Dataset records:

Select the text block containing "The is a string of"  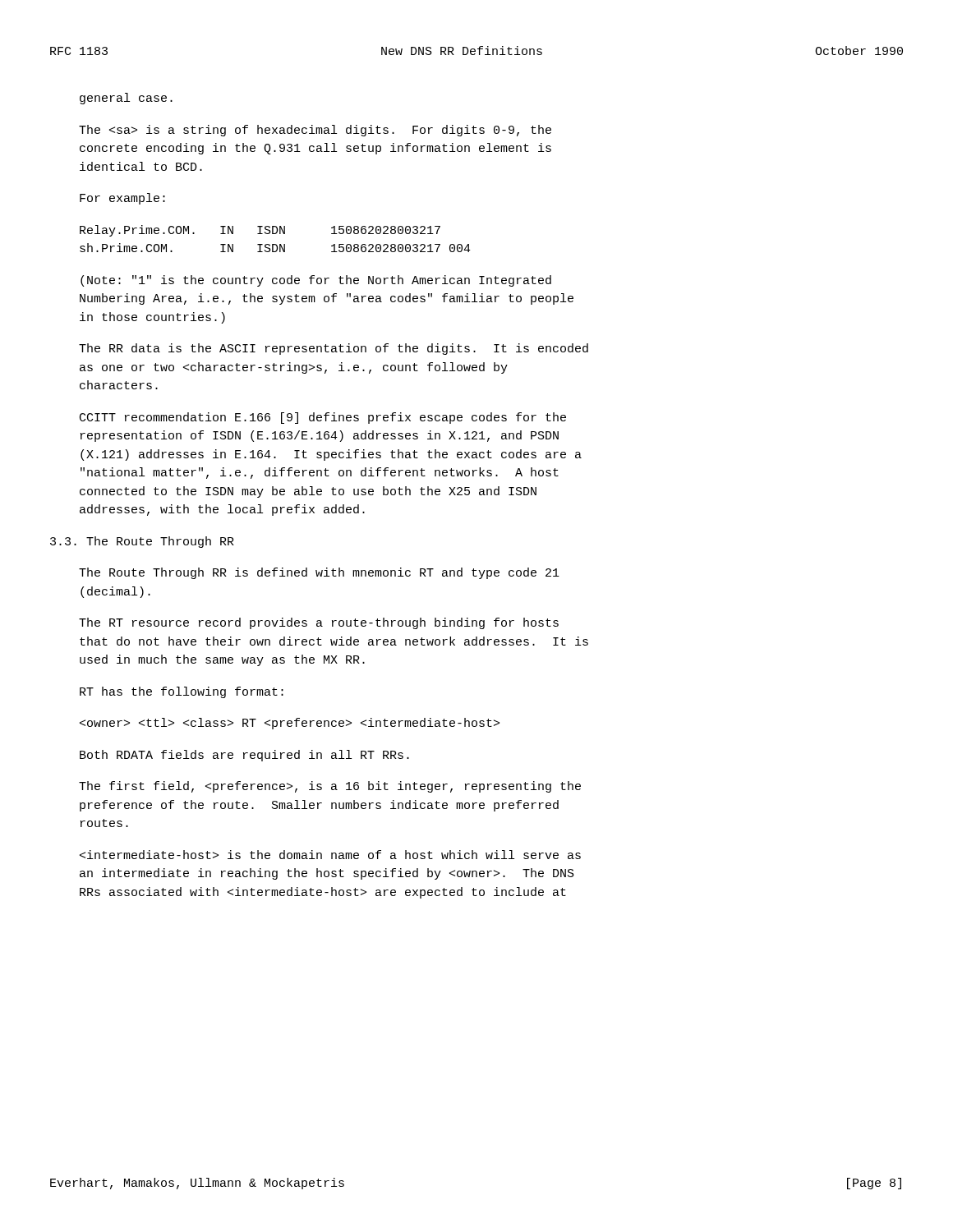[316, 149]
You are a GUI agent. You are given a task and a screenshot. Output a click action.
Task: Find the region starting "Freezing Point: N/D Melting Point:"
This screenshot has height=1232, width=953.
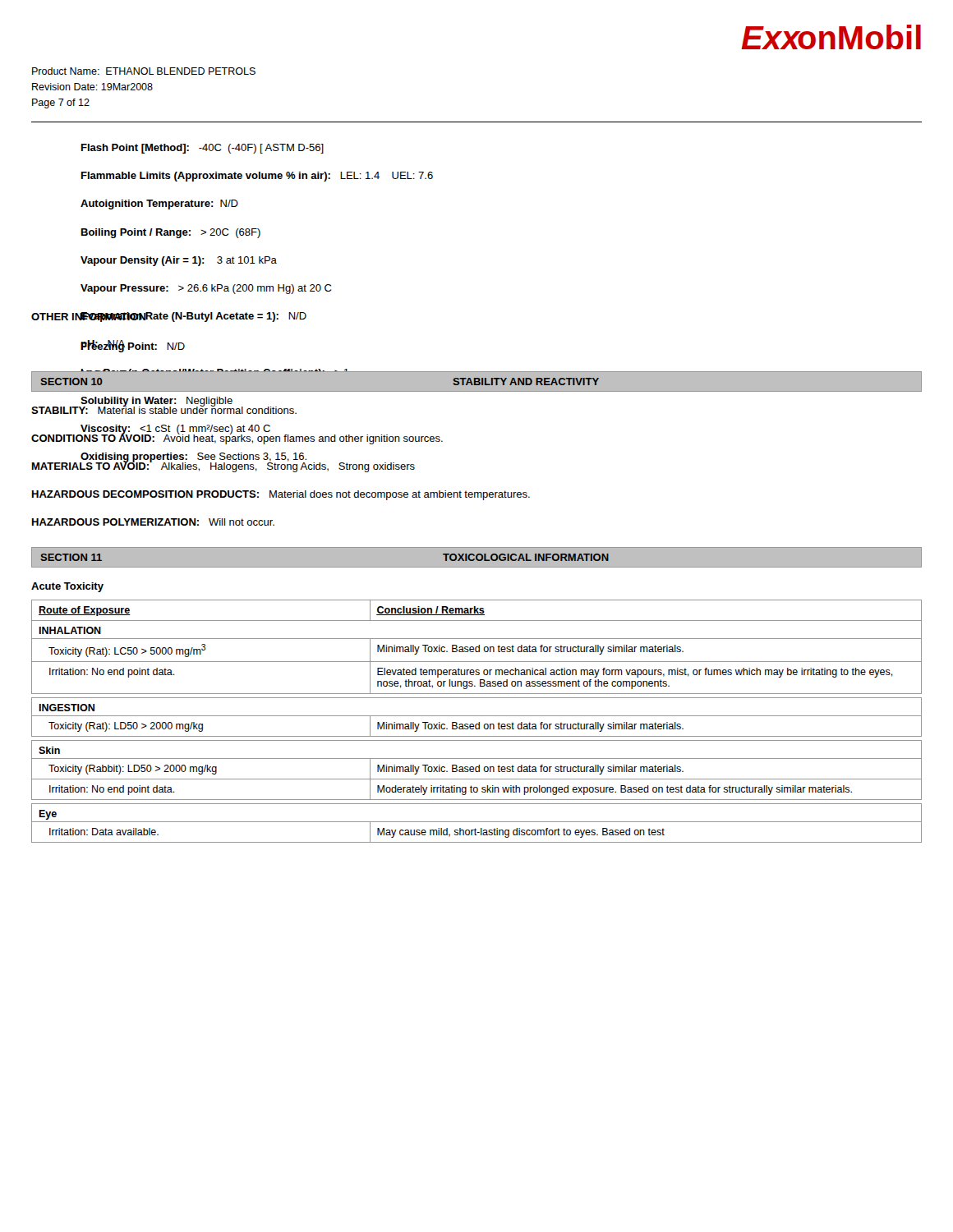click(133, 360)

Activity:
Leave out the pictures, and please output only the lines from the line that contains "Task: Find the" through the end of the data, both ends included.

Reply to the exercise:
Task: Find the region starting "Freezing Point: N/D Melting Point:"
This screenshot has height=1232, width=953.
click(133, 360)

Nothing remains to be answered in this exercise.